Outdoors/Adventure

'A real machine’: After hitting a Chugach milestone, climber Wayne Todd keeps pushing forward

“I don’t know how many years I have left, but I will admit I’ve been pretty lucky,” says Anchorage’s Wayne Todd.

Ask around the Alaska mountaineering community, and many will say that luck has little to do with his accomplishments.

Todd, 55, has completed his list of 175 “true” peaks in the outer Western Chugach Mountains, the latest achievement in a remarkable climbing career. It’s a feat that solidifies his place in the top tier of local mountaineers who’ve found inspiration in the Chugach.

For him, it’s not about checking off peaks on a list, then bam, on to the next one. A list is just a list. The experience of being in the mountains, of appreciating this place, the thrill and challenge of rambling across terrain he hasn’t seen before — that’s what drives him.

“Wayne is good at finding the right way, and the safe way. He just keeps moving,” said Cory Hinds, whose friendship with Todd dates back to the early 1990s. “He’s a real machine.”

Chasing a moving target

The 175 peaks Todd has climbed lie in the outer Western Chugach, bounded by the braided Knik River on the north and Lake George and Lake George Glacier on the east, stretching down to the Twentymile River drainage where it terminates along Turnagain Arm. This sprawling area includes all of 495,000-acre Chugach State Park.

ADVERTISEMENT

Those on Todd’s list are true peaks, with a prominence of at least 500 feet, or are close enough in prominence to merit inclusion on the list — just to be safe.

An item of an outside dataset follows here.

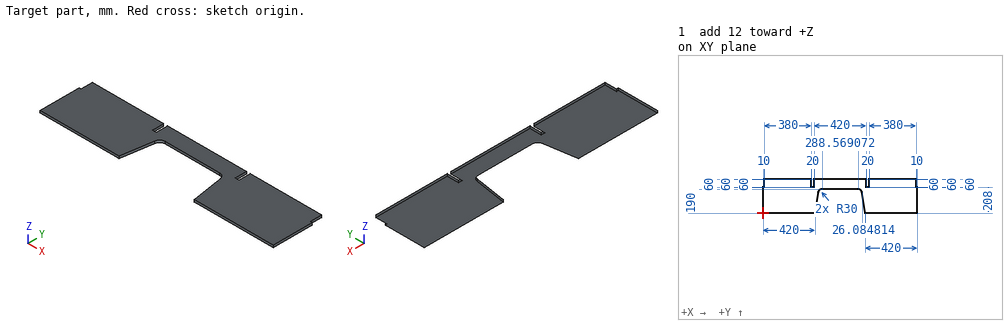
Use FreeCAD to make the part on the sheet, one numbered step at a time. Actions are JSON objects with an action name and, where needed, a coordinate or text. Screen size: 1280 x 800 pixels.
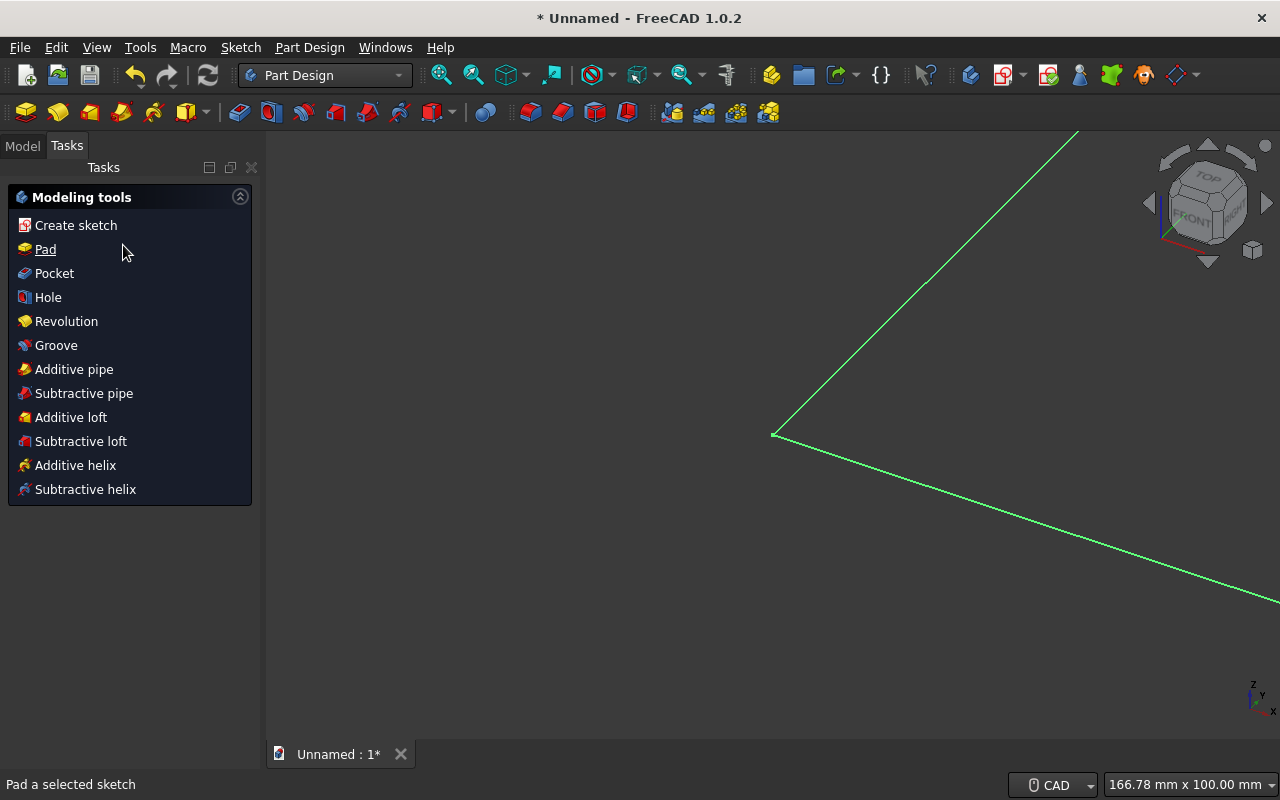
{"action": "left_click", "coordinate": [26, 112]}

Different versions of this list of Western Chugach peaks exist, and they vary depending on where you set the boundaries. For example, Richard Baranow of Eagle River — drawing a different line on the eastern side of the map — wrapped up his own list of 174 peaks in the outer Western Chugach in October 2018, a couple months after Todd completed his. Others may still aspire to complete a historical list of 166 peaks within narrower bounds.

"It means a different thing to different people to have completed ‘the list,’” said Steve Gruhn, acting editor of the Mountaineering Club of Alaska’s monthly Scree publication and unofficial Alaska mountaineering historian.

[Your support makes stories like this possible. Buy a digital subscription for full access to the Anchorage Daily News / adn.com]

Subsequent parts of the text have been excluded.